Minor improvements and bug fixes

  • Included method for writing an informant object to disk (with x_write_disk()).

  • Many fixes were made and tests added to ensure that agents survive the YAML roundtrip (so agent %>% yaml_write() then yaml_read_agent() creates the same agent object).

  • Updated several internal dplyr::arrange() statements used by scan_data() so that warnings aren't issued by dbplyr (for table scans operating on tbl_dbi objects).

  • All tidyselect expressions used with agents are now preserved when the agent is written to YAML.

v0.6.0

3 years ago

Pointblank Information

  • The new information management workflow is full of features that help you to describe tables and keep on top of changes to them. To make this work well, a new character enters: the informant!

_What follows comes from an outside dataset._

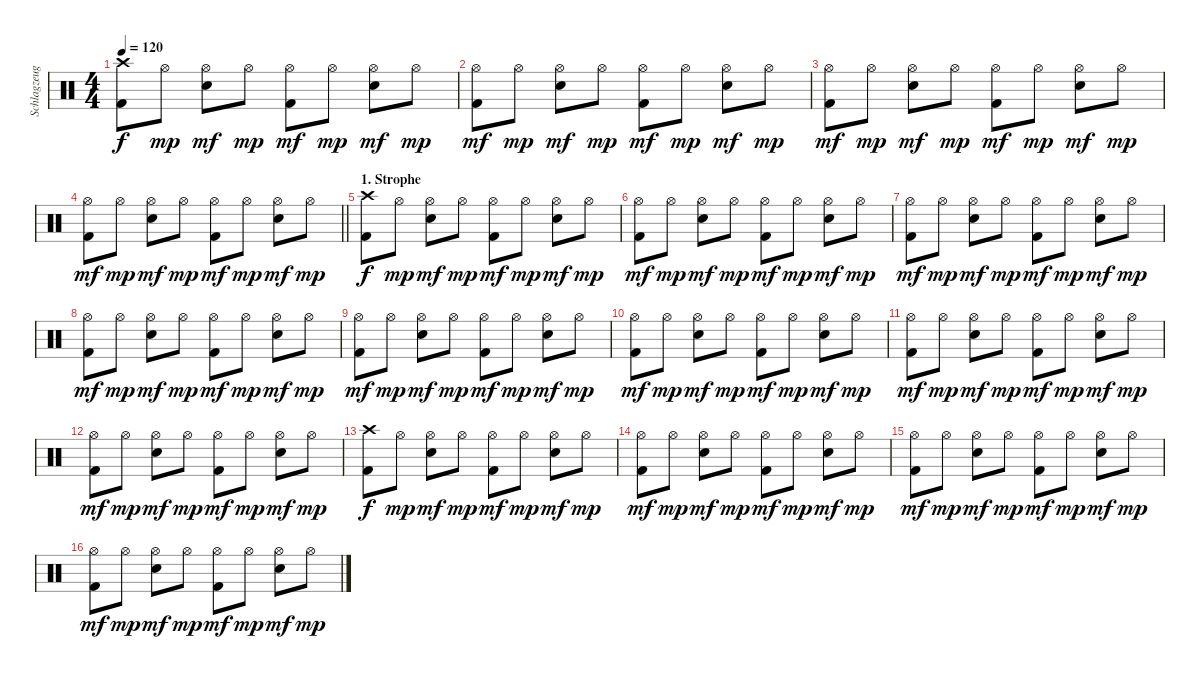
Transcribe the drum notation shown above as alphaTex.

  • Added the create_informant() function to create a ptblank_informant object (this function is similar to create_agent()). It is meant to hold information (as much as you want, really) for a target table, with reporting features geared toward communication.

  • Functions for facilitating entry of info text were added because we need them (info_tabular(), info_columns(), and info_section()). These are focused on describing columns, the table proper, and other misc. fields.

  • If all that wasn't enough, this release adds info_snippet() to round out the collection of info_*() functions for this workflow. Oh, hang on, there's also the all-important incorporate() function. What? To explain, the idea is to have some methodology for acquiring important bits of data from the target table (that's info_snippet()'s job) and then use incorporate() to grab those morsels of data and stitch them into the info text (via { }).

  • Added the get_informant_report() function for printing the information report (a gt table object!).

  • You can also just print the informant object to show the information report thanks to a print method for this purpose.

  • The informant object can be written to pointblank YAML using the revised yaml_write() (previously agent_yaml_write()) function. We can actually write both the agent and the informant to the same YAML file which is useful since both objects share the same target table. Reading is done with the yaml_read_agent() and yaml_read_informant() functions.

  • The informant can be emailed using the email_create() function; this emailing can be done in one of eight languages for the stock message text.

Translations and Locales

  • More text in the agent report is translated now.

  • Improved the Spanish (Spain) translation.

  • Added the Portuguese ("pt", Brazil), Chinese ("zh", China mainland), and Russian ("ru") translations.

  • Added a locale option for reporting; the locale will match the language (using the base locale) unless a different locale is specified. The locale is used to format numeric values according to the locale's rules. This also applies to the reporting offered by the scan_data() function.

  • All stock email message parts (used when emailing the agent report or the information report) have been translated to the eight supported languages. The language setting in the respective objects is used to determine the language of the stock message parts.

Breaking Changes

  • The yaml_write() function replaces the agent_yaml_write() function. The new function works to write the agent, the informant object, or both, to YAML.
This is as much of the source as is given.